I have the worst farts today, I'm walking by the cubicles of people I don't like and leaving them surprises. Brb.
You were in the corner dancing by yourself yelling "I look good", when really you looked ridiculous and drunk
His band may suck, but it's not like I'm sleeping with all of them.
Carrying your RA back to her room wasn't the conclusion I was expecting for the first thursday back
I had a great time except for the part where you called another guy, told him you were in a cab - not on a date - and that you'd meet him at a bar in 15 minutes. but besides that it was awesome. Next time capping you at two glasses of wine
sitting alone on a bench with a sombrero and a bottle of vodka. really angry i got here before you guys.

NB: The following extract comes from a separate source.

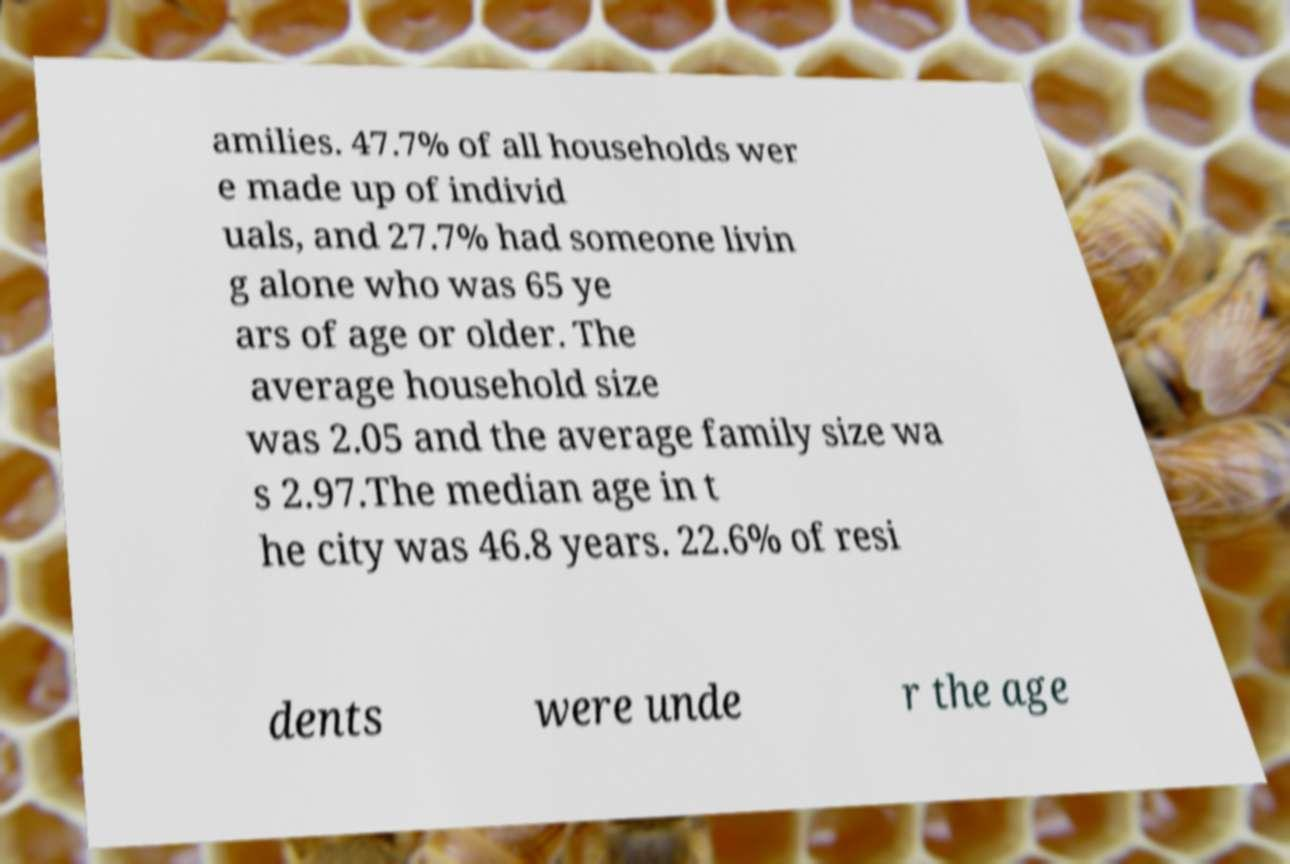Could you assist in decoding the text presented in this image and type it out clearly? amilies. 47.7% of all households wer e made up of individ uals, and 27.7% had someone livin g alone who was 65 ye ars of age or older. The average household size was 2.05 and the average family size wa s 2.97.The median age in t he city was 46.8 years. 22.6% of resi dents were unde r the age 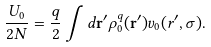Convert formula to latex. <formula><loc_0><loc_0><loc_500><loc_500>\frac { U _ { 0 } } { 2 N } = \frac { q } { 2 } \int d { \mathbf r ^ { \prime } } \rho ^ { q } _ { 0 } ( { \mathbf r ^ { \prime } } ) v _ { 0 } ( r ^ { \prime } , \sigma ) .</formula>

So I just crossed my legs and I was like what is this lump on my leg? Oooh its my underwear from last time I wore these jeans...
i just had to pick up my 18 year old cousin from the police station for hosting a party, and i had to do this stoned wow
Pornhub is still operational. Therefore, the world has NOT come to an end in the blizzard!
Just read the 12 signs you're a horrible roommate post and fucking in your roommate's bed wasn't on the list, so I'm a pretty awesome roommate.
...and if you can get the necessary ingredients to make the Buffalo Chicken Melt, I will latch forever at your Teat of Justice.
I'm on my third roll of toilet paper. Today can fuck right off.
what do you mean he's functionally heterosexual
Tonight is an "I'm lonely and single so I'm going to curl up in a warm, melatonin and vodka enriched ball in the corner of my bed with a cat." kind of night.